Until I had begun looking at Margulis' Kingdoms & Domains, I was still working largely under a two-kingdom model of biology: there are plants and there are animals. Of course I knew there were bacteria and other microbes. But I don't think I ever placed them into a hierarchy of biological kingdoms. I think I considered them as a kind of cross between or not fully within either the plant or animal kingdom.
So it came as quite a shock when I discovered there are at least five biological kingdoms now recognized in the profession: prokaryotic (non-nucleated) Bacteria, eukaryotic (nucleated--i.e., having a nucleus) Protoctista (unicellular microorganisms), and the three eukaryotic multicellular kingdoms of Plants, Animals, and Fungi.
And then, upon a little further study, I found that even Margulis' taxonomy is . . . well . . . a little parochial. I found that many biologists actually prefer to speak of six kingdoms: the prokaryotic Bacteria (now identified as Eubacteria), and the eukaryotic Protoctista (or Protists), Plantae, Animalia and Fungi--as Margulis acknowledges, plus another kingdom of prokaryotes (non-nucleated organisms), the Archae or Archaebacteria, which are distinguished from the Eubacteria primarily by genetic differences.
Based on such RNA studies, Carl Woese divided the prokaryotes (Kingdom Monera) into two groups, called Eubacteria and Archaebacteria, stressing that there was as much genetic difference between these two groups as between either of them and all eukaryotes. Eukaryote groups, such as plants, fungi and animals may look different, but are more similar to each other in their genetic makeup at the molecular level than they are to either the Eubacteria or Archaebacteria.
Well, it turns out there are other ways of dividing the kingdoms. The Wikipedia article actually concludes with a kind of throw-up-your-hands-in-despair gesture when it says, "[R]esearch in the 21st century does not support the classification of the eukaryotes into any of these systems."

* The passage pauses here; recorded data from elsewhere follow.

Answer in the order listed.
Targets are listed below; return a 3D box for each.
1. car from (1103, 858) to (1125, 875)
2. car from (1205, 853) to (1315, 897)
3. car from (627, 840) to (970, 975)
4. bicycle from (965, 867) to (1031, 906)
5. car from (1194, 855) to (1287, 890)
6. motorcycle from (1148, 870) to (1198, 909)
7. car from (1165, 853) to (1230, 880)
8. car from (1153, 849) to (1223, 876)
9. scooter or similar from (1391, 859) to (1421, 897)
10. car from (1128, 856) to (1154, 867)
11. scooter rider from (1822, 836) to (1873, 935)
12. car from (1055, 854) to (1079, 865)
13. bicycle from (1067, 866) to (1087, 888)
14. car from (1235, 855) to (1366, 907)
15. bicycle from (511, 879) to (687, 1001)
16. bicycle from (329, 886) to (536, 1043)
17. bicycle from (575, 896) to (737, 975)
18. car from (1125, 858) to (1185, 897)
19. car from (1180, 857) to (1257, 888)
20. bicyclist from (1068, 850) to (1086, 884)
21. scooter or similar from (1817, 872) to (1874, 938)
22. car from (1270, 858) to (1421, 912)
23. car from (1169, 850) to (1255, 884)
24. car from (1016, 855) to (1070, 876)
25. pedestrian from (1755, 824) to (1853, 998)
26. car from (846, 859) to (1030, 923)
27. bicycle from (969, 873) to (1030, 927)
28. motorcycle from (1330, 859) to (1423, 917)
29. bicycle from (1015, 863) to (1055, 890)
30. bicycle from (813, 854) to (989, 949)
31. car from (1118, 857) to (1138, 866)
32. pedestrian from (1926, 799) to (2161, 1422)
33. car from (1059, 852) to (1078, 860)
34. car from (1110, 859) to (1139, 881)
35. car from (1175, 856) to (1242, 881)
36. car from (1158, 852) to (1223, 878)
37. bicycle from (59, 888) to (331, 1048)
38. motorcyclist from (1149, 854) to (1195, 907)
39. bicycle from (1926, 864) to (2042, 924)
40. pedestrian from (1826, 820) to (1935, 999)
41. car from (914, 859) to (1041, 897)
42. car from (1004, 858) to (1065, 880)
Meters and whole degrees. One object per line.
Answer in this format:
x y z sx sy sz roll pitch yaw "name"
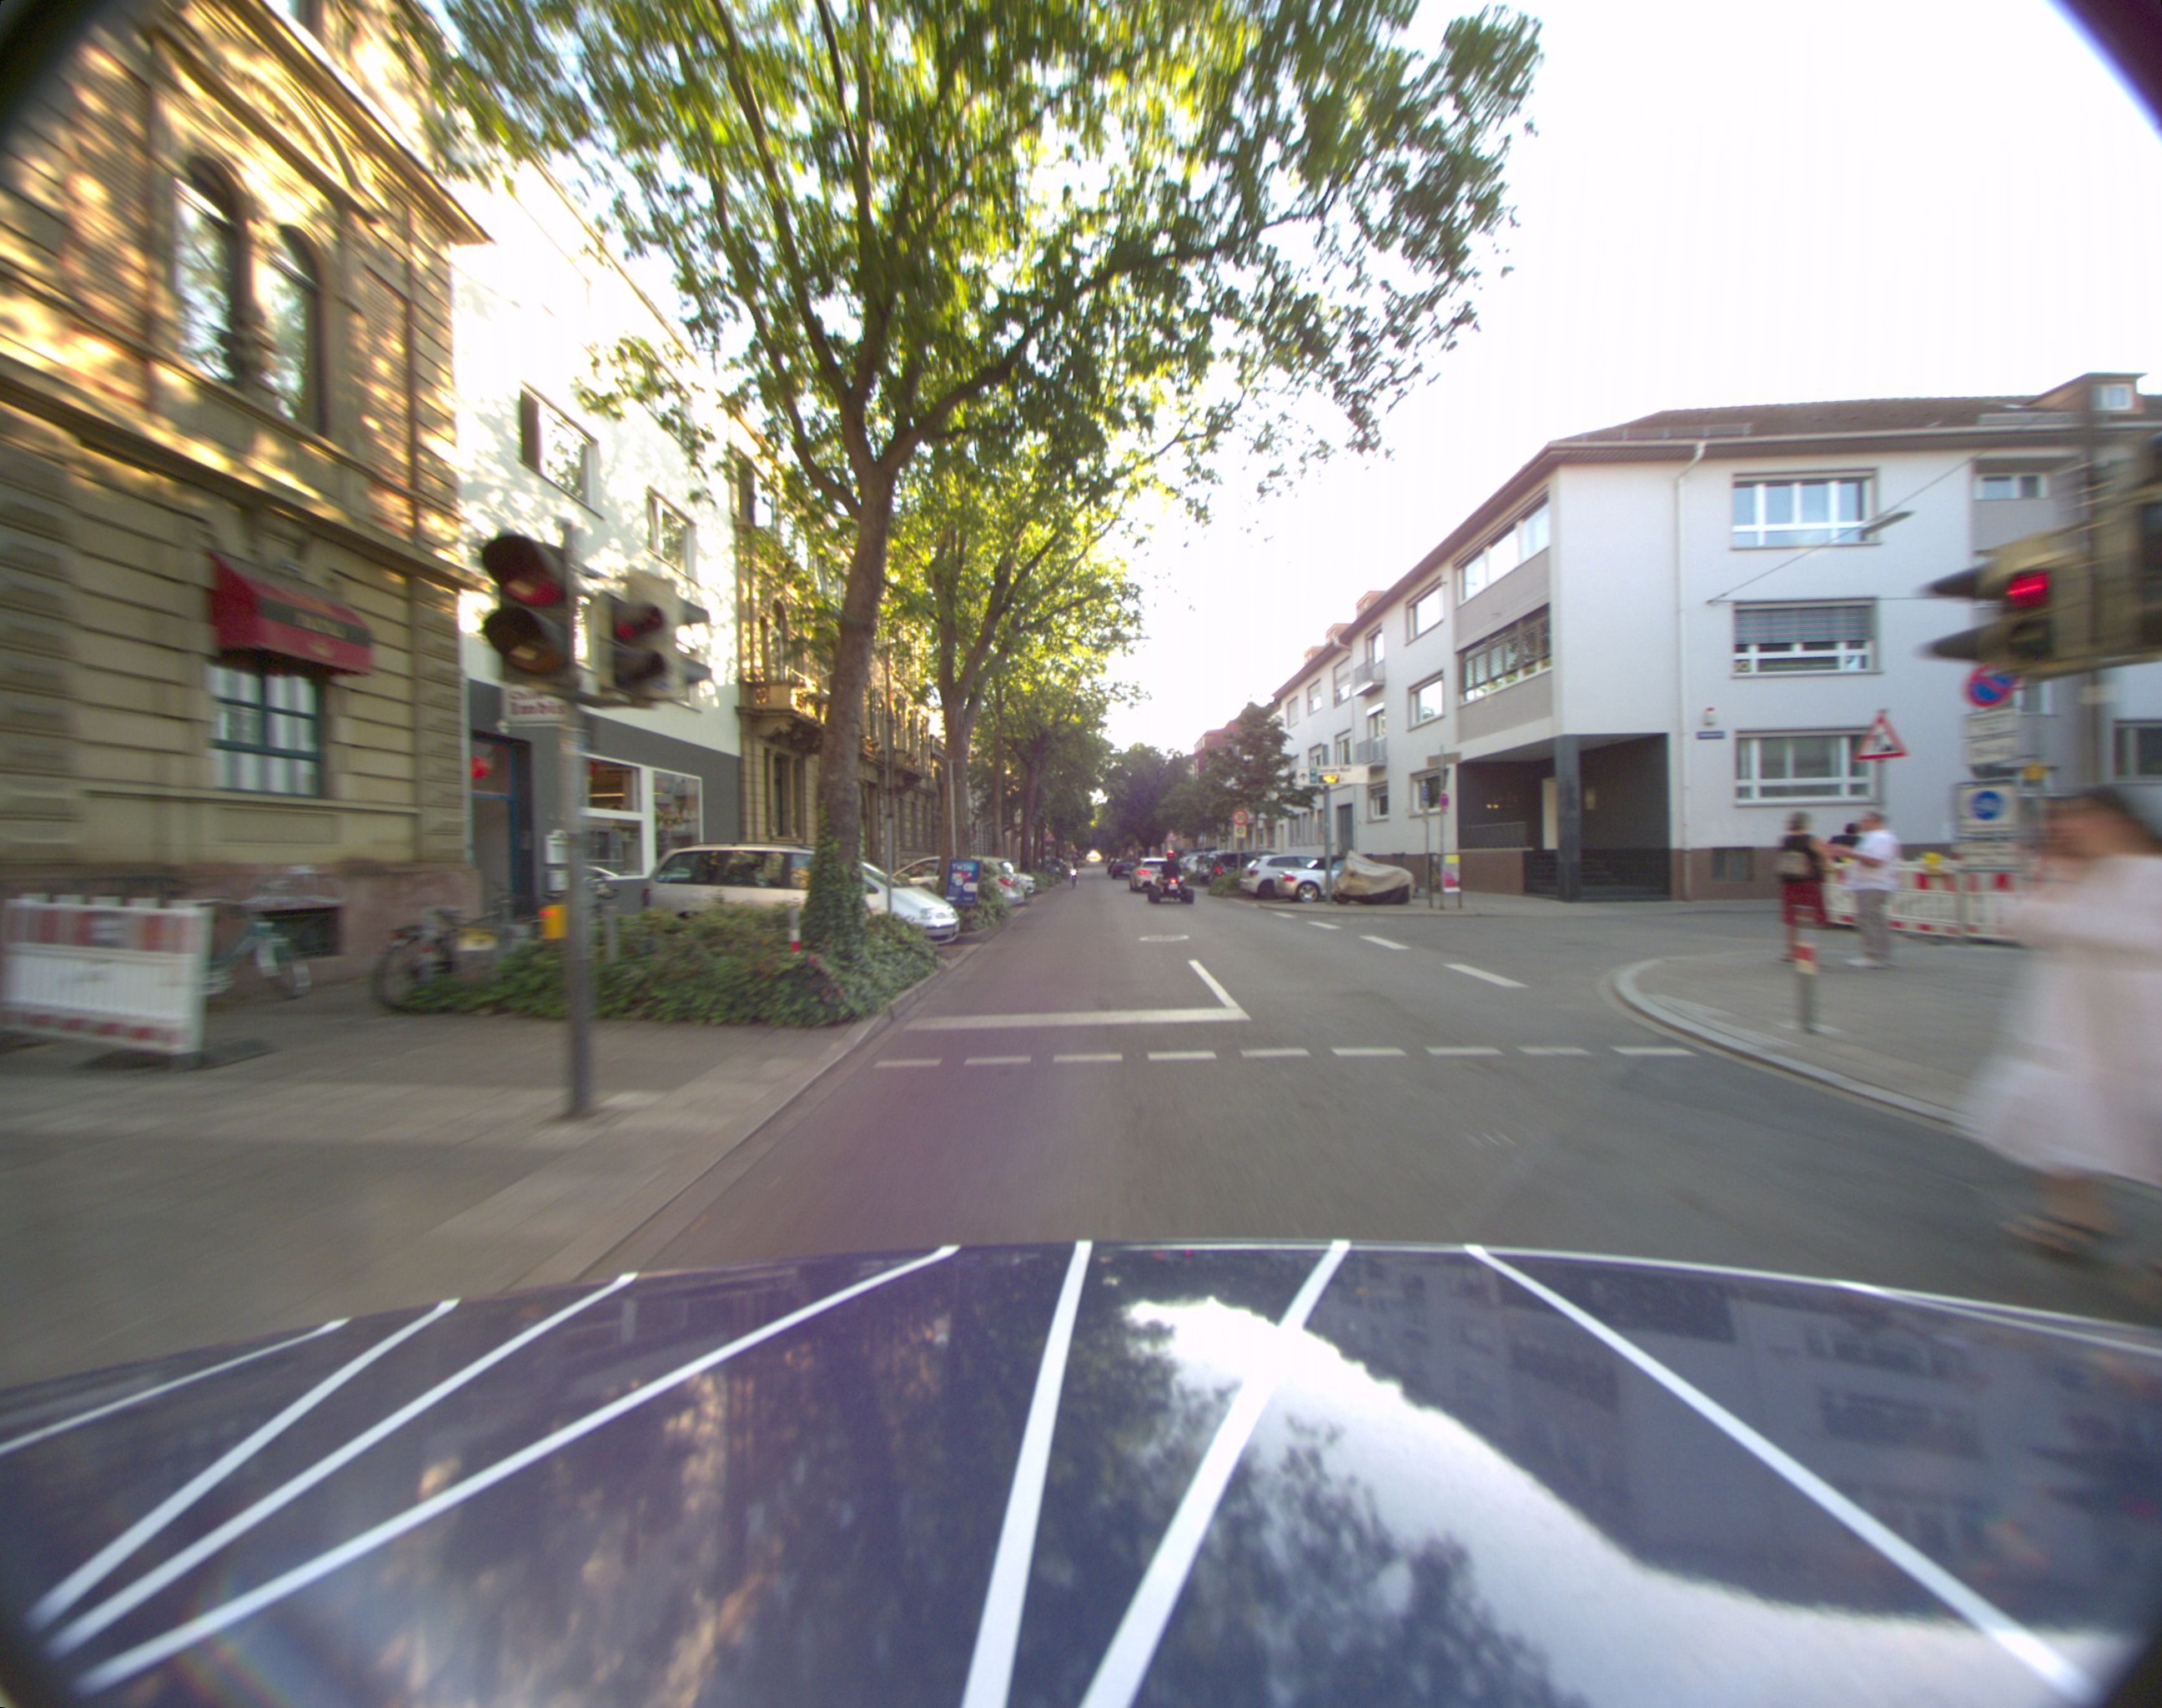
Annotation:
3.100 1.177 72.563 1.882 1.631 4.646 0 0 0 "car"
7.299 0.840 31.305 4.103 1.622 1.936 -2 0 2 "car"
-4.120 0.756 11.706 4.552 1.903 1.950 0 0 -2 "car"
-2.622 1.019 23.996 2.027 1.197 0.488 1 0 -12 "bicycle"
7.666 0.872 36.751 4.085 1.432 1.755 -3 0 2 "car"
2.841 1.081 23.814 1.315 1.084 2.396 1 0 1 "motorcycle"
7.968 0.845 52.179 4.165 1.582 1.824 -4 0 1 "car"
8.075 0.654 57.855 5.003 1.979 2.190 -1 0 0 "car"
11.279 0.826 26.432 0.516 1.254 1.421 -2 1 5 "scooter or similar"
8.550 1.049 108.876 3.497 1.397 1.673 -3 0 -2 "car"
14.198 0.560 14.072 0.876 1.781 0.494 -1 0 -34 "scooter rider"
-2.151 0.849 116.061 3.552 1.411 1.590 -3 0 -2 "car"
-0.176 1.108 36.880 0.778 0.967 2.025 -1 0 4 "bicycle"
7.117 0.861 24.896 3.751 1.450 1.735 -3 0 0 "car"
-5.717 0.953 9.203 0.582 1.232 2.161 -1 0 5 "bicycle"
-5.987 0.950 7.152 0.386 1.228 1.726 0 0 3 "bicycle"
-4.954 0.916 9.085 0.582 0.661 2.329 -2 0 1 "bicycle"
3.086 0.943 32.574 1.882 1.540 4.273 0 0 -4 "car"
7.637 1.018 42.472 4.038 1.485 1.781 -3 0 4 "car"
-0.187 0.628 36.896 0.753 1.612 1.147 -2 0 4 "bicyclist"
14.225 0.924 14.128 1.252 1.138 0.502 -1 1 -34 "scooter or similar"
7.584 0.876 22.104 3.748 1.303 1.845 -3 0 5 "car"
7.655 0.761 44.879 4.677 1.755 2.157 -2 0 0 "car"
-3.168 0.933 64.646 4.451 1.708 1.968 0 1 1 "car"
7.978 0.609 8.402 0.555 1.839 0.612 -1 0 15 "pedestrian"
-3.527 0.905 19.311 4.234 1.551 1.971 0 -1 4 "car"
-1.865 1.047 17.463 1.340 1.197 0.488 0 0 0 "bicycle"
7.448 0.829 19.195 2.150 1.411 0.969 0 1 22 "motorcycle"
-2.465 1.213 40.533 2.051 1.352 0.508 -2 0 -1 "bicycle"
-3.363 0.879 14.370 3.122 1.653 0.658 -2 0 -3 "bicycle"
8.415 1.295 136.041 3.552 1.411 1.591 -3 0 1 "car"
3.592 0.769 2.500 0.771 1.877 0.792 -1 0 -11 "pedestrian"
-2.508 0.415 152.811 3.552 1.411 1.591 -3 0 1 "car"
3.124 1.141 55.520 1.881 1.540 4.275 2 0 1 "car"
7.934 0.904 47.513 3.855 1.442 1.855 -2 -1 1 "car"
7.914 0.799 55.111 4.365 1.563 1.931 -4 0 1 "car"
-7.927 0.946 6.928 0.386 1.204 1.726 0 0 3 "bicycle"
2.837 0.816 23.800 1.283 1.582 1.077 -1 0 1 "motorcyclist"
19.359 0.837 16.285 2.238 1.138 0.723 -2 1 -15 "bicycle"
8.566 0.572 8.167 0.555 1.839 0.612 -1 0 15 "pedestrian"
-3.954 0.915 29.598 4.594 1.429 1.926 -1 0 3 "car"
-3.365 1.072 55.587 4.234 1.472 1.855 2 0 1 "car"

But back to my notes about Margulis.
Margulis' prime thesis in Microcosmos, Symbiotic Planet, and Acquiring Genomes, is that random mutation is a minor contributor at best to genomic drift (and, therefore, evolutionary change-through-time). Far more significant, she urges, is the acquisition and integration of genomic information through symbiotic merger of organisms, . . . most especially at the level of bacteria.
Indeed, she suggests that the nuclear contents of all eukaryotes come from bacteria: the chloroplasts from cyanobacteria and the mitochondria from oxygen-respiring proteobacteria. The basic cell itself, she suggests, comes from a merger of motile eubacteria and protein-synthesizing archaebacteria.
Perry Marshall provides a simple, graphically-engaging presentation of the basic ideas on his Cosmic Fingerprints website.
But he does more than that. A lot more. He proposes that
over the last 3.5 billion years . . . [DNA] has efficiently adapted and evolved from a single cell to occupy every ecological niche imaginable.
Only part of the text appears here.